A vector lives at a single point $p$ of $M$, in a space called ‘the tangent space to $M$ at $p$ ‘, or $T_pM$ for short – imagine a flat plane ( $T_pM$ ) balancing on top of a lumpy surface ( $M$ ), touching it at a point ( $p$ ). If $\mathbf{v}$ varies from point to point, it is strictly a vector field, or in other words a function $\mathbf{v} \: : \: M \longrightarrow T_pM$; in this case we can just say that it lives in $TM$, and we have to be careful not to forget about its position-dependence even if we suppress it occasionally for notational convenience.

Differential operators

Let $f \: : \: M \longrightarrow \mathbb{R}$ be a scalar field (just a real-valued function) on our manifold $M$. We can write differentiation of $f$ along a vector (the directional derivative along $\mathbf{v}$ ) in three ways, all defined to be equivalent

$\left( \nabla_\mathbf{v} f \right) (p) \equiv \frac{df(p + t\mathbf{v})}{dt}\Big|_{t = 0} \equiv v^i\frac{\partial f}{\partial x^i},$

and note that we’re not really adding the vector $\mathbf{v}$ to the point $p$, because we’re evaluating the expression at $t = 0$. The $p$-dependence is casually suppressed in the last expression.

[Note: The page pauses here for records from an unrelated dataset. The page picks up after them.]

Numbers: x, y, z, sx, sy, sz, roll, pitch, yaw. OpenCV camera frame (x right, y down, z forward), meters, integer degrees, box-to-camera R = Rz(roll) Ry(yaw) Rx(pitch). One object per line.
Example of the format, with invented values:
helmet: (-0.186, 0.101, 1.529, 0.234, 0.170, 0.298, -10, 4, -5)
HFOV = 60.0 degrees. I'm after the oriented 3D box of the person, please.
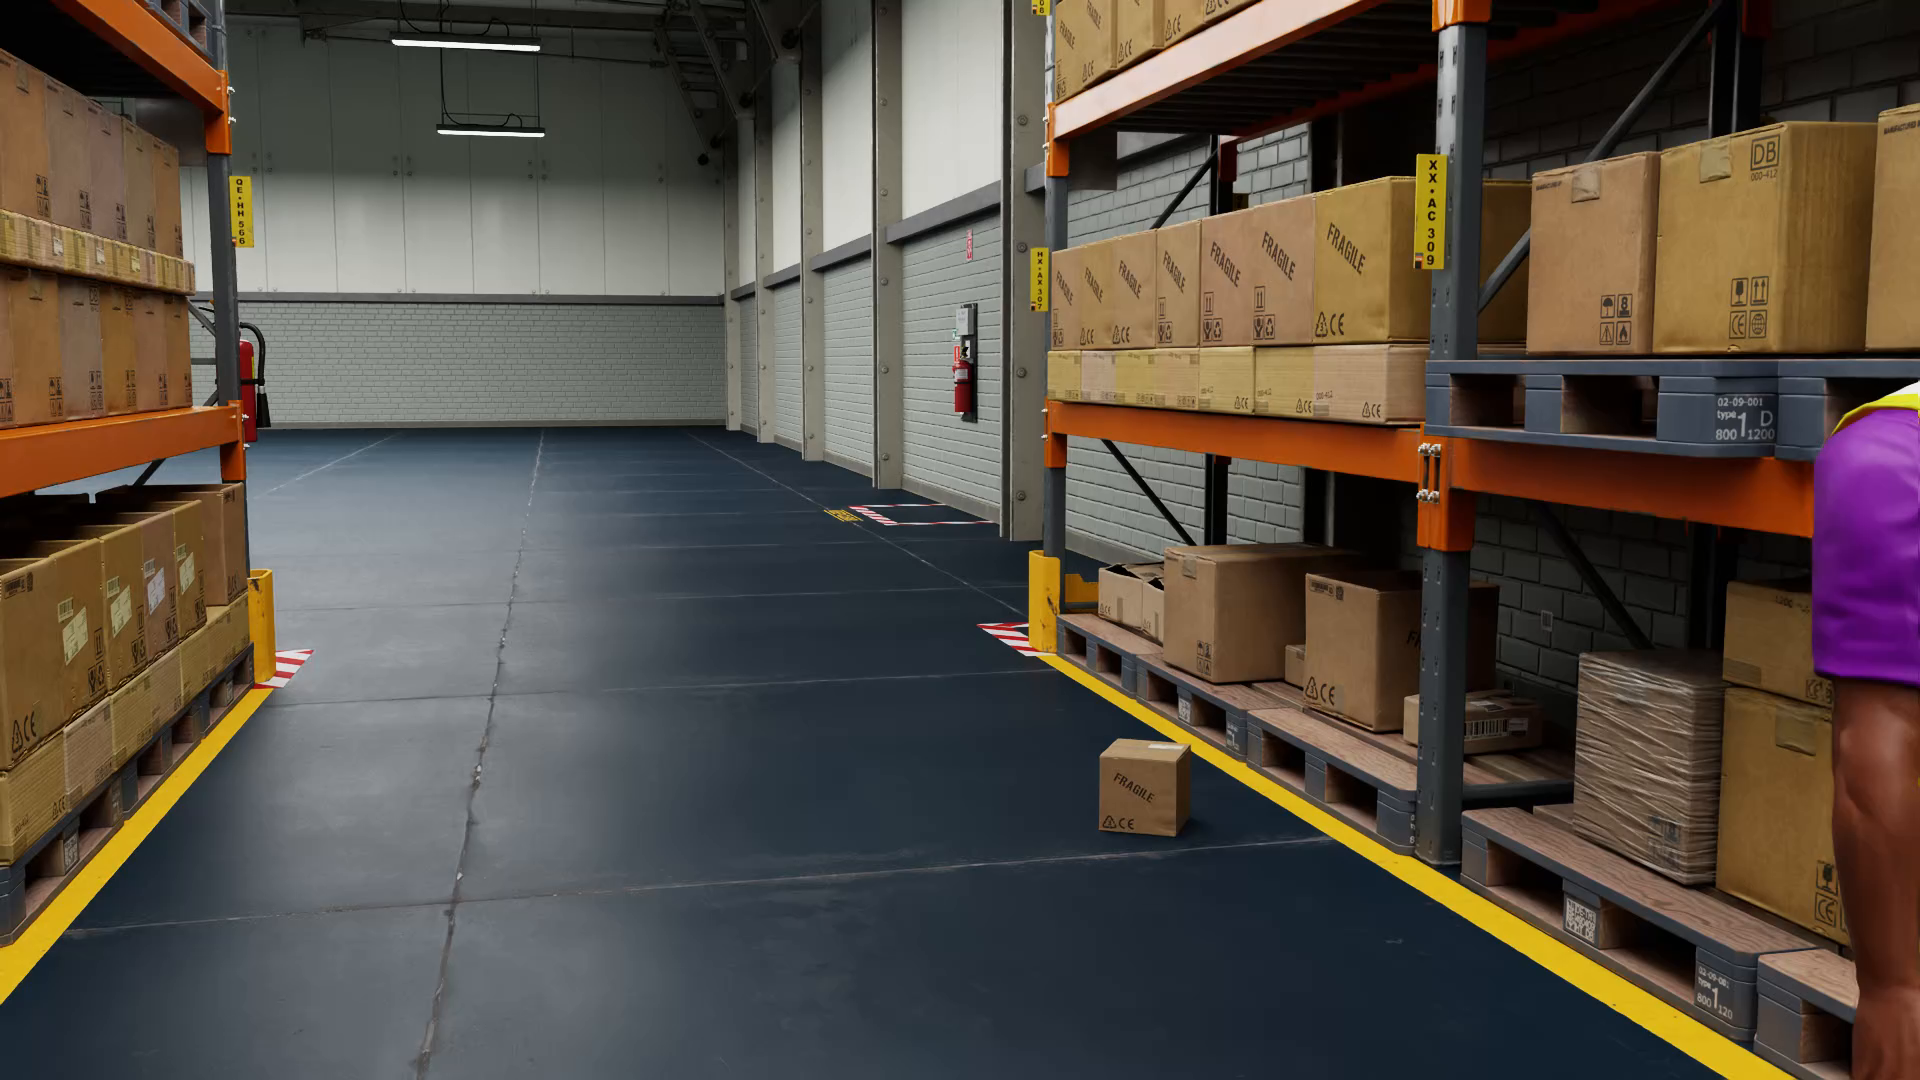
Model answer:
person: (1.124, 0.430, 1.683, 0.566, 1.754, 0.706, -1, 6, -10)

We might worry that this is coordinate system-dependent, so lets try to write the same quantity down in the primed coordinate system, using the transformation properties of $\mathbf{v}$ that we already know, and the chain rule:

$v'^i\frac{\partial f}{\partial x'^i} = \frac{\partial x'^i}{\partial x^j} v^j \frac{\partial f}{\partial x^k}\frac{\partial x^k}{\partial x'^i} = v^j \frac{\partial f}{\partial x^k} \delta^k_j = v^k \frac{\partial f}{\partial x^k},$

so our directional derivative is coordinate-invariant after all! Note that multiplying the coordinates of a matrix with those of its inverse (and summing according to the Einstein convention) gives the Kronecker delta, which is why we can swap out $j$ for $k$ in the last expression.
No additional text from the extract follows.